As We Watch California Burn Yet Again It’s Time to Say Yes to ‘Save Our San Diego Countryside’

by on October 28, 2019 · 1 comment

in California, San Diego, Under the Perfect Sun

By Jim Miller

California’s burning (again) with Governor Newsom declaring a state of emergency for Los Angeles and Sonoma Counties in the wake of twelve fires raging across the state.  Smoke swept throughout the Bay Area and parts north and delayed flights into San Francisco. Schools were closed in the affected regions, and close to two million people suffered through pre-emptive power shut-offs to try avoiding yet more blazes.

In Los Angeles, residents agonized through hellishly hot fall temperatures and respiratory problems while blazes in San Diego county broke out in Valley View and Ramona, reviving traumatic memories of apocalyptic fires past for many.  In San Diego county, the damage has been minor so far, but the hot, dry, windy conditions ensure that another firestorm is always just around the corner.

Despite all the dramatic news stories about evacuations, property damage, and existential peril, the underlying feeling one gets is that folks are starting to become used to this yearly ritual of destruction.  As the world warms, these catastrophic scenes are the new normal.  Complain about the late fall heat, watch fires on TV, call to check on friends or family if they’re in harm’s way, and keep driving to work on the crowded freeways.   This is how we live in the Anthropocene.

As Thomas Fuller and Kendra Pierre-Louis observe in a New York Times piece published last week, “A Forecast for a Warming World: Learn to Live with Fire”:

All this is happening after three straight years of record-breaking fires that researchers say are likely to continue in a warming world and which raise an important question: How to live in an ecosystem that is primed to burn?

“I think the perception is that we’re supposed to control them. But in a lot of cases we cannot,” said John Abatzoglou, an associate professor at the University of Idaho. “And that may allow us to think a little bit differently about how we live with fire. We call it wildfire for reason — it’s not domesticated fire.”

According to the National Climate Assessment, the government report that summarizes present and future effects of a warming climate on the United States, fire is a growing problem. Climate change will lead to more wildfires nationwide as hotter temperatures dry out plants, making them easier to ignite.

Of course, even if we somehow find a way to collectively respond to the climate crisis in time to prevent the-worst case scenarios, we have already altered the environment enough that some forms of adaptation are necessary.  What would seem completely untenable–crazy in fact—would be proceeding along with business as usual as if nothing has changed at all.

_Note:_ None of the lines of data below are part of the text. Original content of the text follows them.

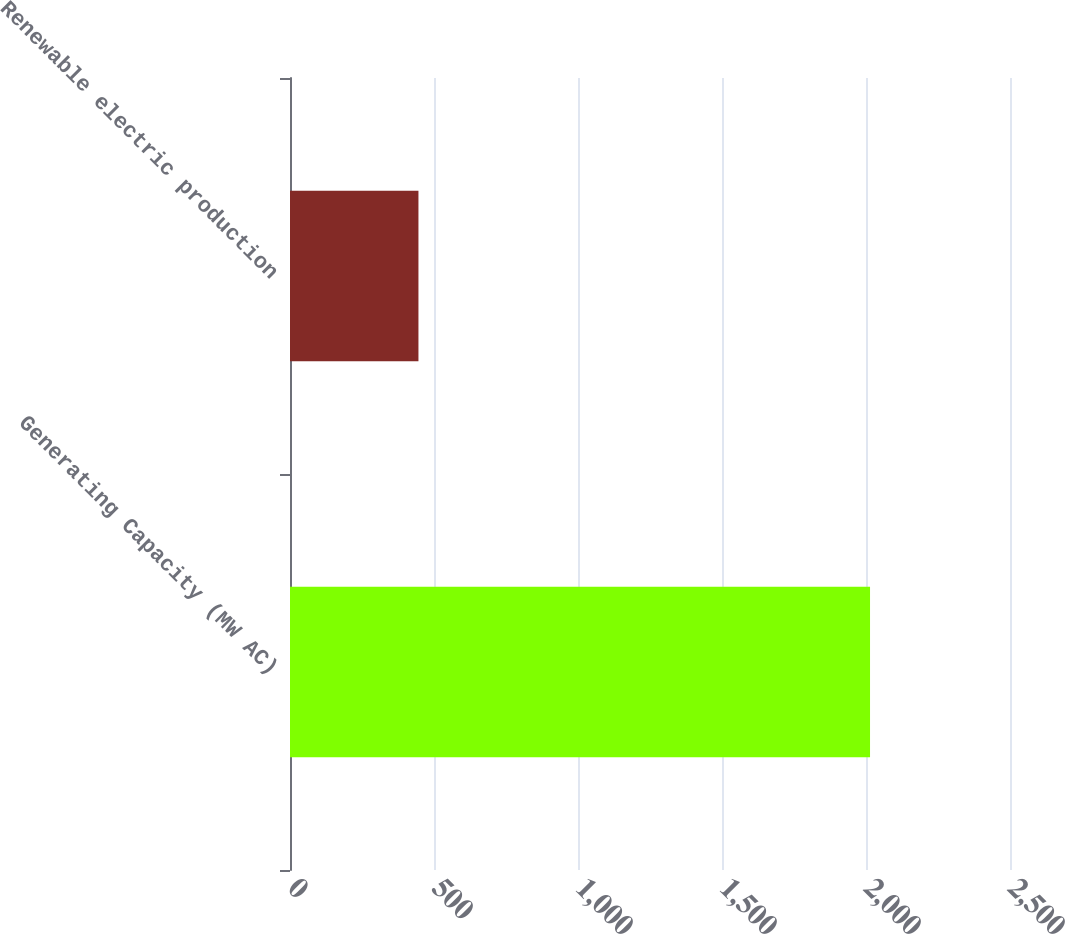Convert chart. <chart><loc_0><loc_0><loc_500><loc_500><bar_chart><fcel>Generating Capacity (MW AC)<fcel>Renewable electric production<nl><fcel>2014<fcel>446<nl></chart> 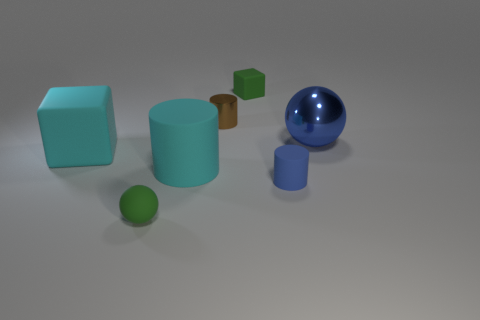Add 2 red rubber objects. How many objects exist? 9 Subtract all cylinders. How many objects are left? 4 Add 4 big cyan rubber cylinders. How many big cyan rubber cylinders are left? 5 Add 1 big brown shiny cylinders. How many big brown shiny cylinders exist? 1 Subtract 0 yellow cylinders. How many objects are left? 7 Subtract all tiny red cylinders. Subtract all blue rubber cylinders. How many objects are left? 6 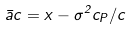Convert formula to latex. <formula><loc_0><loc_0><loc_500><loc_500>\bar { a } c = x - \sigma ^ { 2 } c _ { P } / c</formula> 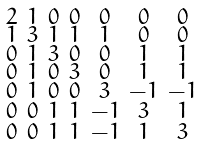Convert formula to latex. <formula><loc_0><loc_0><loc_500><loc_500>\begin{smallmatrix} 2 & 1 & 0 & 0 & 0 & 0 & 0 \\ 1 & 3 & 1 & 1 & 1 & 0 & 0 \\ 0 & 1 & 3 & 0 & 0 & 1 & 1 \\ 0 & 1 & 0 & 3 & 0 & 1 & 1 \\ 0 & 1 & 0 & 0 & 3 & - 1 & - 1 \\ 0 & 0 & 1 & 1 & - 1 & 3 & 1 \\ 0 & 0 & 1 & 1 & - 1 & 1 & 3 \end{smallmatrix}</formula> 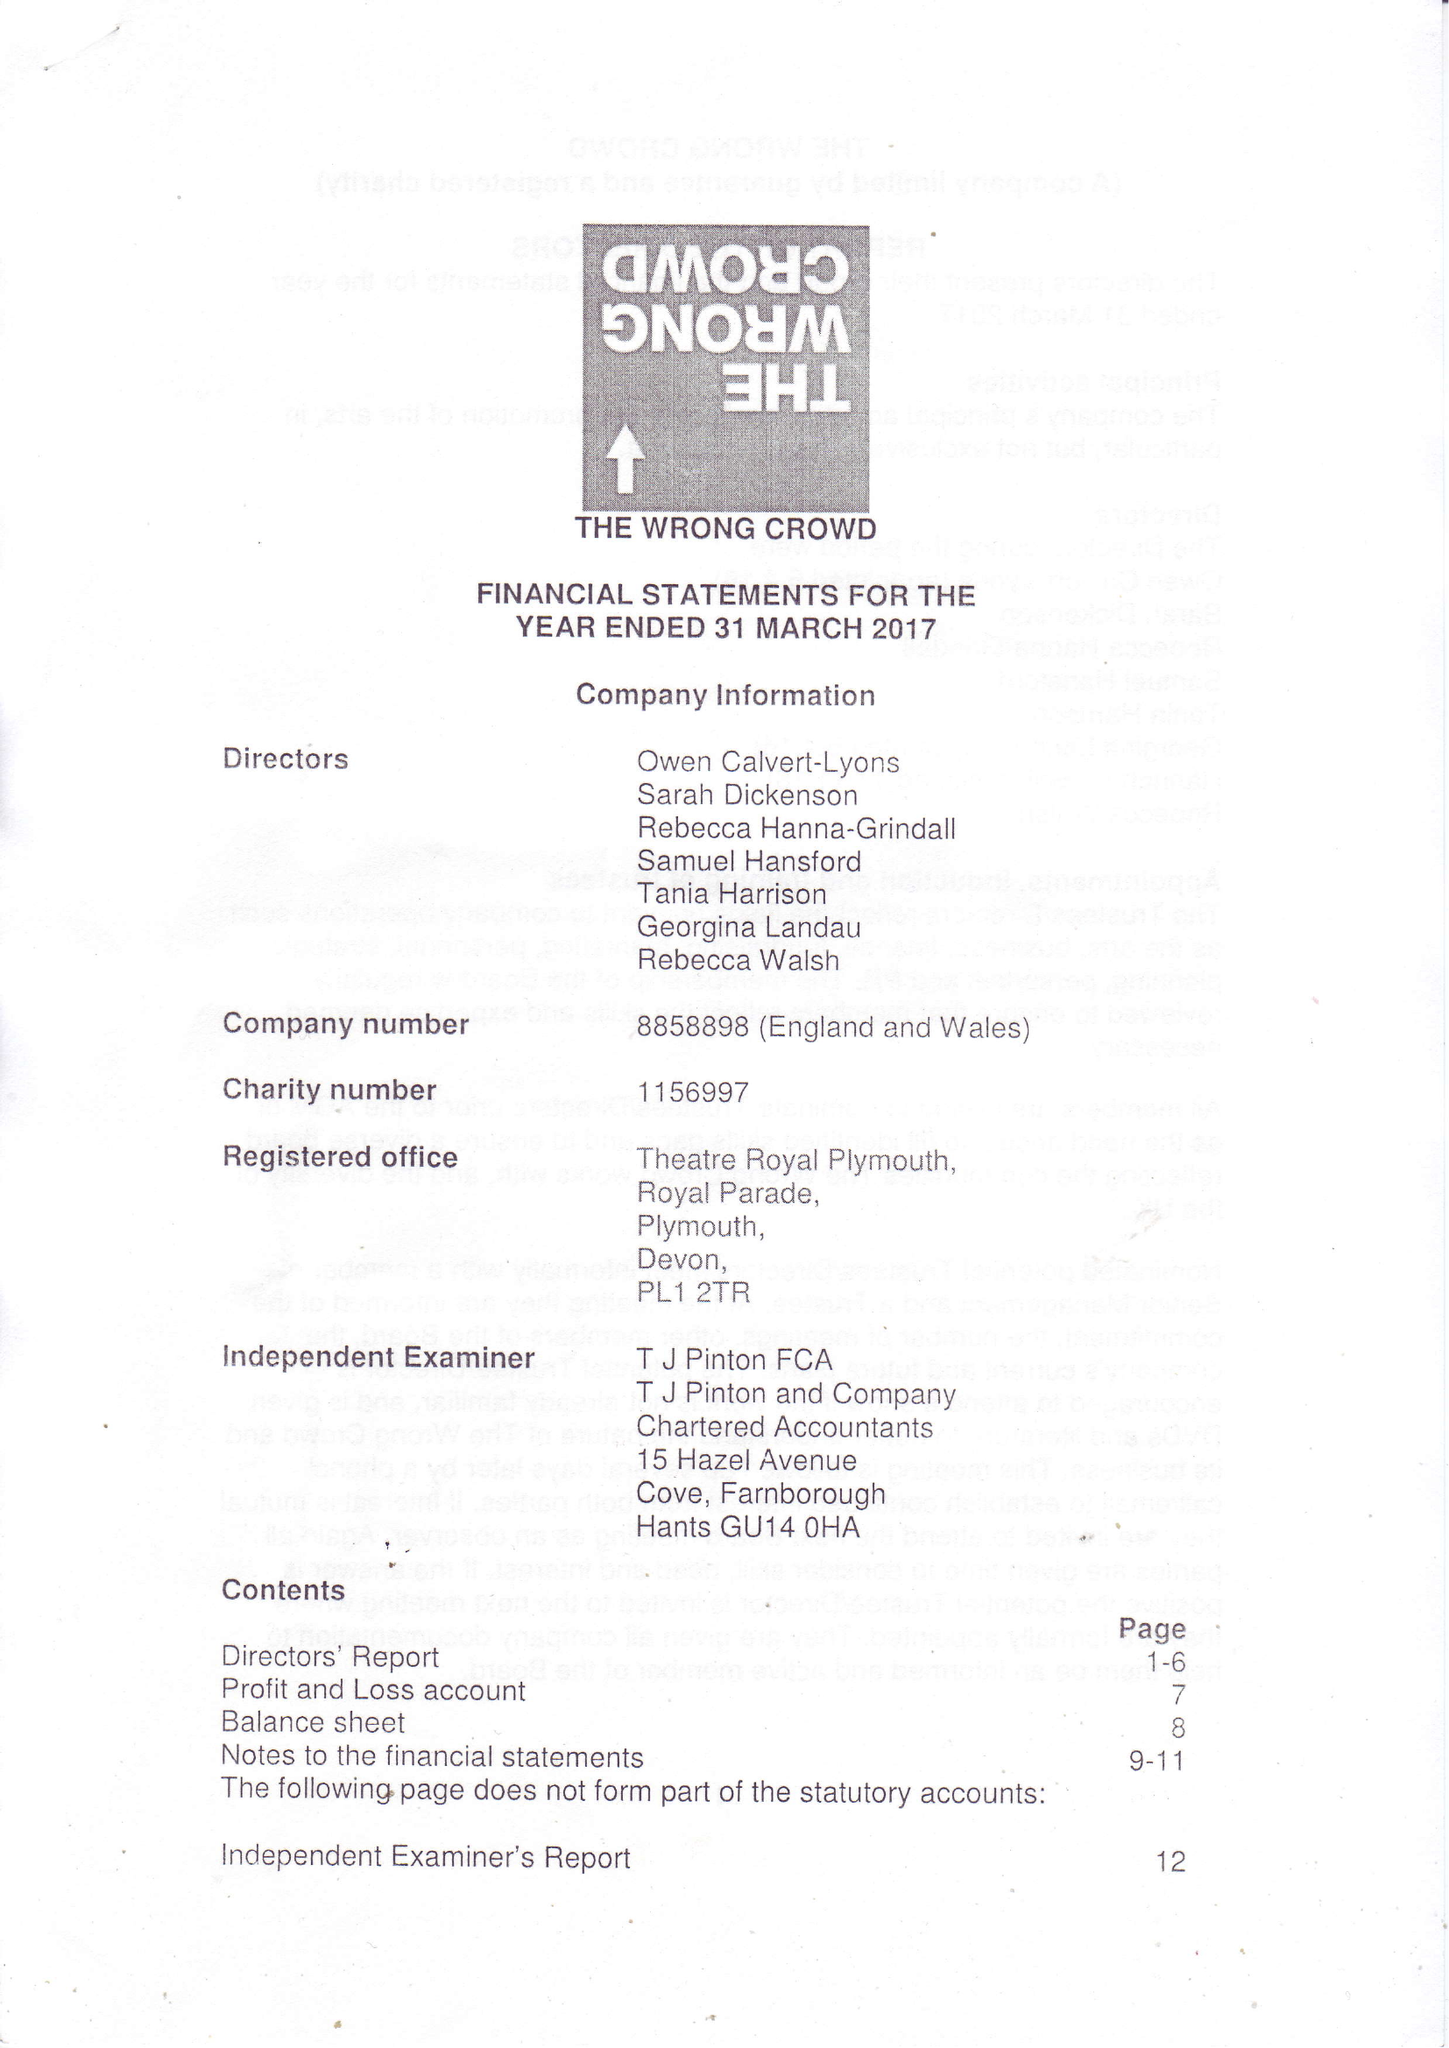What is the value for the address__postcode?
Answer the question using a single word or phrase. TQ9 6JG

Unfortunately, that’s exactly what we are doing here in California, in San Diego in particular, as we continue to allow exurban sprawl into our backcountry, building planned communities in tinderboxes that will inevitably burn and give us the next TV disaster.  Then it’s burn, rebuild, repeat in what is an increasingly reckless and irrational cycle.

But here in San Diego County, it doesn’t have to be that way.  While we may have to learn to live with fire, we can do much better when it comes to how we build for the future.  In the past, developers spent big money to defeat measures that would have curbed unrestricted sprawl into fire prone areas of our backcountry.  Now, however, we have another chance to restore some basic sanity to the way we live in the face of the ever-increasing risk of fire.

Coming up in March 2020, the SOS (Save Our San Diego Countryside) Initiative will be on the ballot. This much-needed measure will prevent sprawl by giving San Diego County residents a voice in how and where development happens in our region.  If passed, it would require voter approval of changes to San Diego’s General Plan that would increase housing density in rural and semi-rural areas.

This would stop politicians elected by developer money from amending the General Plan without a vote of the people.  It would also encourage saner development in line with the General Plan that calls for 60,000 new units of affordable housing closer to urban infrastructure and transit that would not require a vote.  What would be restricted? Luxury mega-projects built far away from infrastructure in fire-prone areas.

San Diego County has seen big money defeat similar efforts in the past, but now, as we watch California turn into an inferno once again, perhaps reason will prevail.  It’s time we stop our history of insane development, save our countryside, protect the local environment, and not let moneyed interests make the future of our region any more perilous than it already is.

 

 

{ 1 comment… read it below or add one }

Chris October 31, 2019 at 11:55 am

I’m not optimistic either way. Whether it passes or not there will be consequences on either side.